Re: MD or MC

From: mike #*at*# mycenae.CChem.Berkeley.EDU (Mike L. Greenfield)
Subject: Re: MD or MC
Date: Wed, 9 Nov 94 23:20:34 PST
 In terms of calculating equilibrium properties, another difference
 between MD and MC arises when simulating polymer systems subject to
 constraints.  Imposing bond length (and bond angle) constraints
 changes the equilibrium sampling distribution in configuration space,
 since different techniques naturally use a different model of the
 polymer intramolecular interactions.  If no Fixman potential is used
 in the MD force calculations, a typical MD simulation will sample a
 model polymer with "rigid" constraints.  An MC simulation in which
 these constraints are imposed during each attempted move will sample a
 model polymer with "flexible constraints in the limit of infinite
 stiffness".  Though these two models sound the same, they sample
 configuration space differently, and equilibrium results obtained by
 the two methods will differ.
 In a rigid model, the bond length (and angle) constraint enters
 directly into the equations of motion via the Lagrangian.

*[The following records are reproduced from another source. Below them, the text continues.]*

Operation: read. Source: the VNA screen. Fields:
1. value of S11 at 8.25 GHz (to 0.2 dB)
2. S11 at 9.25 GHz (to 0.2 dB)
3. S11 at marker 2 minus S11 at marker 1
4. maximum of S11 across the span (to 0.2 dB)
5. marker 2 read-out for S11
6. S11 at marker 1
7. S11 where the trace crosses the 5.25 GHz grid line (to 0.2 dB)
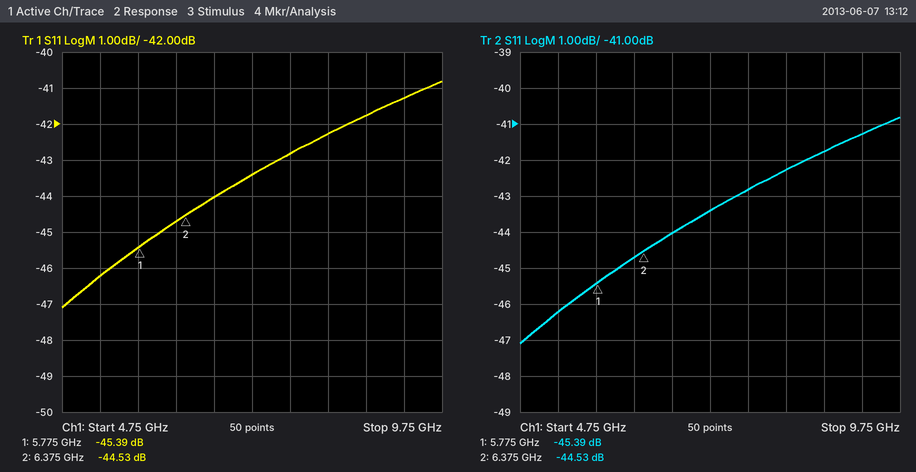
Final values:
-42.2 dB
-41.2 dB
0.86 dB
-40.8 dB
-44.53 dB
-45.39 dB
-46.2 dB
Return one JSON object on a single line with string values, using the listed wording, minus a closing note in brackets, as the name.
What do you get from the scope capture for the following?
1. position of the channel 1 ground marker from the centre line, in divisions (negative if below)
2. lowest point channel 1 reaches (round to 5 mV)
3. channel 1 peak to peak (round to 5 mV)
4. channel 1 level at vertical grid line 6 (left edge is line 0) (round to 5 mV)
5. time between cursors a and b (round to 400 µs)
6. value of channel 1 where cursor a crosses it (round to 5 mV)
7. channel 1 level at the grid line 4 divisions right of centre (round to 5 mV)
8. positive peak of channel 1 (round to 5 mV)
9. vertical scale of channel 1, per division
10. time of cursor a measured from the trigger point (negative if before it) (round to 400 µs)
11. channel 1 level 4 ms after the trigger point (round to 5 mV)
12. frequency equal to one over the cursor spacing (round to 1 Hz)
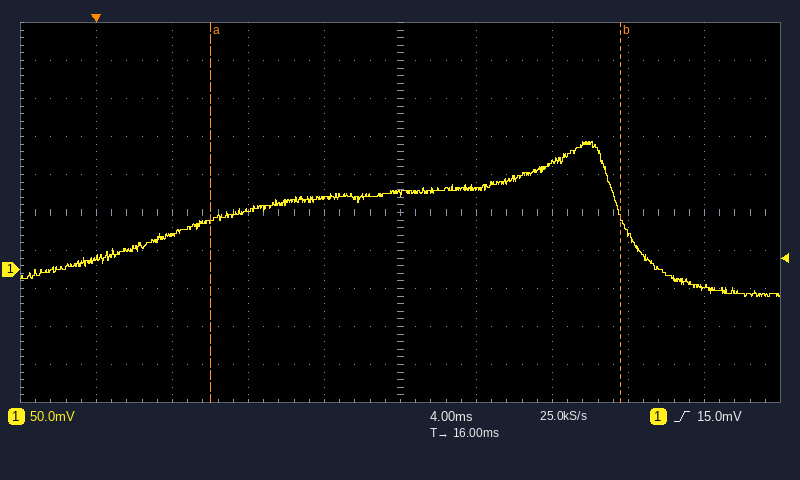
{"position of the channel 1 ground marker from the centre line, in divisions": "-1.5 div", "lowest point channel 1 reaches": "-35 mV", "channel 1 peak to peak": "205 mV", "channel 1 level at vertical grid line 6 (left edge is line 0)": "105 mV", "time between cursors a and b": "21.6 ms", "value of channel 1 where cursor a crosses it": "65 mV", "channel 1 level at the grid line 4 divisions right of centre": "-25 mV", "positive peak of channel 1": "170 mV", "vertical scale of channel 1, per division": "50 mV", "time of cursor a measured from the trigger point (negative if before it)": "+6.0 ms", "channel 1 level 4 ms after the trigger point": "45 mV", "frequency equal to one over the cursor spacing": "46 Hz"}
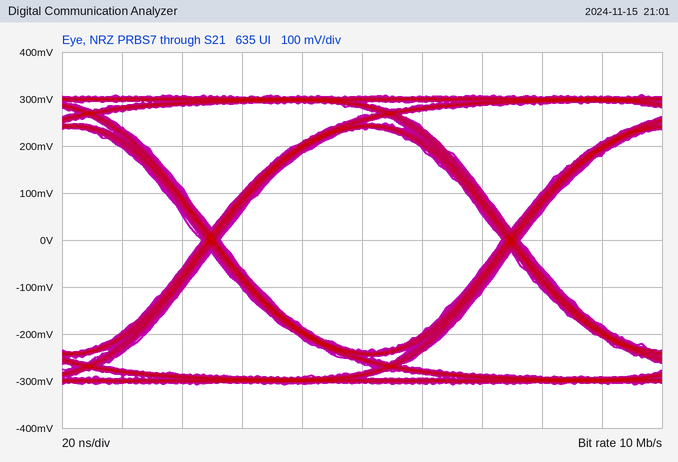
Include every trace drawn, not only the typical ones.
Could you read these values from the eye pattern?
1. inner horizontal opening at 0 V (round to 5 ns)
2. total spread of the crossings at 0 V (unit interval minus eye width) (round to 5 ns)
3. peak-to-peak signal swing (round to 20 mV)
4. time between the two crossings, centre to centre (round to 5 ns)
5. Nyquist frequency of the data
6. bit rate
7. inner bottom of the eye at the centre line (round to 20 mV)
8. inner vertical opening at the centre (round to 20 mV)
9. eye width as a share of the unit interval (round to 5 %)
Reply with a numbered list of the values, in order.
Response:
1. 95 ns
2. 5 ns
3. 620 mV
4. 100 ns
5. 5 MHz
6. 10 Mb/s
7. -240 mV
8. 480 mV
9. 95 %
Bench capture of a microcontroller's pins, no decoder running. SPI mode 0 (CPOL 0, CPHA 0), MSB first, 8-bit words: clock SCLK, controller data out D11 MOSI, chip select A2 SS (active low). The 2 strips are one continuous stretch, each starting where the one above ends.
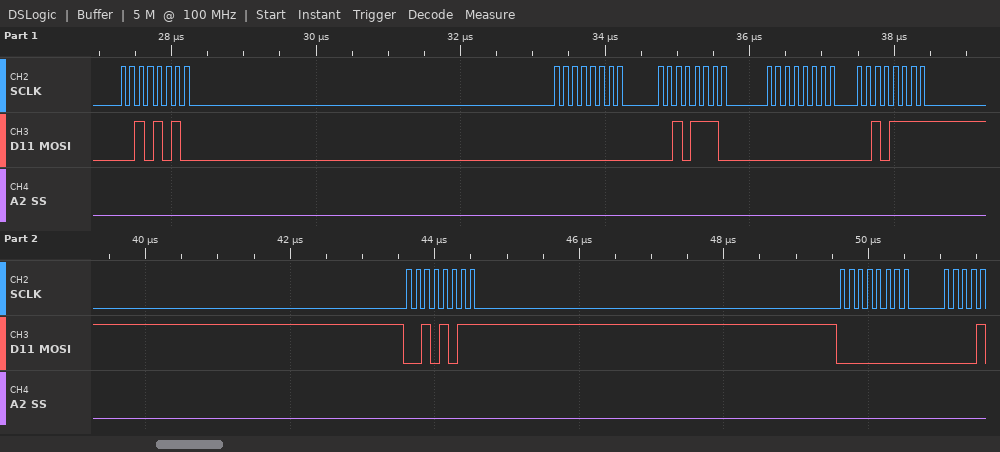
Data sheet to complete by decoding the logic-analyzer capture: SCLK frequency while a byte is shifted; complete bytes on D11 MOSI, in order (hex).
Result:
8 MHz
2A 00 2E 00 2F 2B 00
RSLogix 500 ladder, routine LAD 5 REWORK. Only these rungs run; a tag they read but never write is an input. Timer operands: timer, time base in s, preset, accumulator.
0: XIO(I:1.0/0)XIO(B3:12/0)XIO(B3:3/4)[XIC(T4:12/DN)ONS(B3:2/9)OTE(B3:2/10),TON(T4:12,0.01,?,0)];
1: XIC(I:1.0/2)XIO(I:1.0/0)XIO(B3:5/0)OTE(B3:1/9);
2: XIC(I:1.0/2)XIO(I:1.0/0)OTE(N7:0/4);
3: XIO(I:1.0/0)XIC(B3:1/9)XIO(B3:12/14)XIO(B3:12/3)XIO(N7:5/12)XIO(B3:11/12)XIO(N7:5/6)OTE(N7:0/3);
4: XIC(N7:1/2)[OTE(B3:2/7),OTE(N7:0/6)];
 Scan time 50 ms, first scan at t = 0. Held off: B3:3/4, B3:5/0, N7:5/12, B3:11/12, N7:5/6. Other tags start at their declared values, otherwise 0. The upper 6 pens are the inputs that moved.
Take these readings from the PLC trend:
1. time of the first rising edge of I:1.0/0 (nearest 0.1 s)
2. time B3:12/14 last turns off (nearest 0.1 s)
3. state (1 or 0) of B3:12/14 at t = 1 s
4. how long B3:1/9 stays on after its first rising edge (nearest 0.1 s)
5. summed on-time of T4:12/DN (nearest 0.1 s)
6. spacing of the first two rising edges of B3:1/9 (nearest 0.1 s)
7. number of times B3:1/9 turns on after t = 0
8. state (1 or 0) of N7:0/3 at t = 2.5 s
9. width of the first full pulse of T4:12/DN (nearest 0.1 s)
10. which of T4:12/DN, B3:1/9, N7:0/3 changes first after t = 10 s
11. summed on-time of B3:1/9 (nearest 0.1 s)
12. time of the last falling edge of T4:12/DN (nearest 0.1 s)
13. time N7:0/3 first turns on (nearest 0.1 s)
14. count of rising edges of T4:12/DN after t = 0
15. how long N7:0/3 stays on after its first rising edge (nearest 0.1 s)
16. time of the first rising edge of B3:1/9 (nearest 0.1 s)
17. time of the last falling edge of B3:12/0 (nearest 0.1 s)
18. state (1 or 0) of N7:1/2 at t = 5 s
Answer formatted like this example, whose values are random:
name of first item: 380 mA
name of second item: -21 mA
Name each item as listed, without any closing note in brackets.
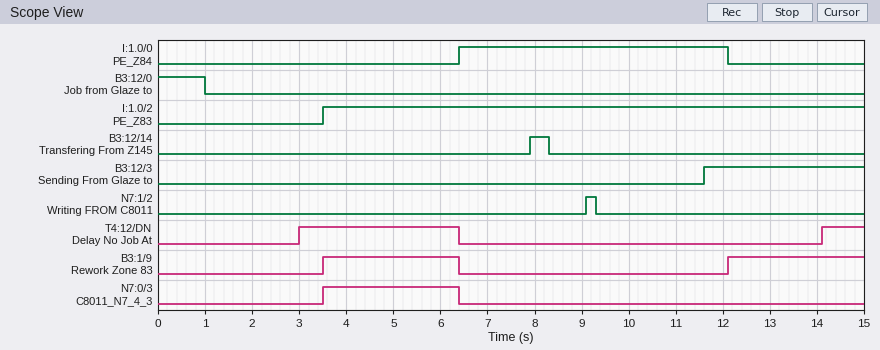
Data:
time of the first rising edge of I:1.0/0: 6.4 s
time B3:12/14 last turns off: 8.3 s
state (1 or 0) of B3:12/14 at t = 1 s: 0
how long B3:1/9 stays on after its first rising edge: 2.9 s
summed on-time of T4:12/DN: 4.3 s
spacing of the first two rising edges of B3:1/9: 8.6 s
number of times B3:1/9 turns on after t = 0: 2
state (1 or 0) of N7:0/3 at t = 2.5 s: 0
width of the first full pulse of T4:12/DN: 3.4 s
which of T4:12/DN, B3:1/9, N7:0/3 changes first after t = 10 s: B3:1/9
summed on-time of B3:1/9: 5.8 s
time of the last falling edge of T4:12/DN: 6.4 s
time N7:0/3 first turns on: 3.5 s
count of rising edges of T4:12/DN after t = 0: 2
how long N7:0/3 stays on after its first rising edge: 2.9 s
time of the first rising edge of B3:1/9: 3.5 s
time of the last falling edge of B3:12/0: 1.0 s
state (1 or 0) of N7:1/2 at t = 5 s: 0
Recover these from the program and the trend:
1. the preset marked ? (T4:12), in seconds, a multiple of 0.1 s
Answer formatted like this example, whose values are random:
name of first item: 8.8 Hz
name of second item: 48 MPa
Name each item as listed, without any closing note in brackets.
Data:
the preset marked ? (T4:12), in seconds, a multiple of 0.1 s: 2.0 s
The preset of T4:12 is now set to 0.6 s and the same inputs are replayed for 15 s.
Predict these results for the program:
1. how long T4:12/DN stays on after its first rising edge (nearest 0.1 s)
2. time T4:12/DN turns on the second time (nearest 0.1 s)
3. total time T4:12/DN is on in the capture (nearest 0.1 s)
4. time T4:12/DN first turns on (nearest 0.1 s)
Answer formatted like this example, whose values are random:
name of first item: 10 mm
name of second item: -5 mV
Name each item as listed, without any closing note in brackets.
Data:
how long T4:12/DN stays on after its first rising edge: 4.8 s
time T4:12/DN turns on the second time: 12.7 s
total time T4:12/DN is on in the capture: 7.1 s
time T4:12/DN first turns on: 1.6 s
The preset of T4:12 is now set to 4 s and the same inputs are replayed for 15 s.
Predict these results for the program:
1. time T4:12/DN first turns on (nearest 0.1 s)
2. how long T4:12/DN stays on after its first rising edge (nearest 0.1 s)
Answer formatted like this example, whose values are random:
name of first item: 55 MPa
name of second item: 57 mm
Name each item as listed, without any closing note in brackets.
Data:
time T4:12/DN first turns on: 5.0 s
how long T4:12/DN stays on after its first rising edge: 1.4 s

 In a flexible model, bond lengths (and angles) are constrained to
 their desired value by a harmonic potential.  In the infinite
 stiffness limit, the coefficients of the harmonic potential approach
 infinity, and thus constrain the system.
 (exp -V/kT = exp -(l-l_0)^2/kT = delta function centered at l=l_0)
 The differences between these models arise from their different
 treatment of the kinetic energy.  Go and Scheraga recommend using the
 flexible model in the limit of infinite stiffness.
 For discussions of "rigid" vs "infinitely stiff" polymer
 models, see
 the classic paper of Go and Scheraga:
  #*at*# Article{Go760,
   author = 	 "Nobuhiro G\={o} and Harold A. Scheraga",
   title = 	 "On the Use of Classical Statistical Mechanics in the
 		  Treatment of Polymer Chain Conformation",
   journal = 	 "Macromolecules",
   year = 	 1976,
   volume = 	 9,
   pages = 	 "535--542"
 }
 Other references include
 M. Fixman,  Proc Nat Acad Sci USA 71:3050 (1974) (Fixman potential)
 M. Fixman,  J Chem Phys 69:1527 (1978) (Fixman potential)
 E. Helfand, J Chem Phys 71:5000 (1979)
 P. Pechukas "   "    "  72:6320 (1980) (comment on Helfand's
 paper)
 M.R. Pear and J.H. Weiner J Chem Phys, 71:212(1979), 72:3939 (1980)
 To obtain consistent results with the two techniques, it is necessary
 to use a Fixman potential (see Fixman, Go & Scheraga above) s.t.
 molecular dynamics samples according to the flexible model.  I do not
 know what effect this potential has on the dynamics aspects of MD.
 Mike Greenfield
 mike #*at*# mycenae.cchem.berkeley.edu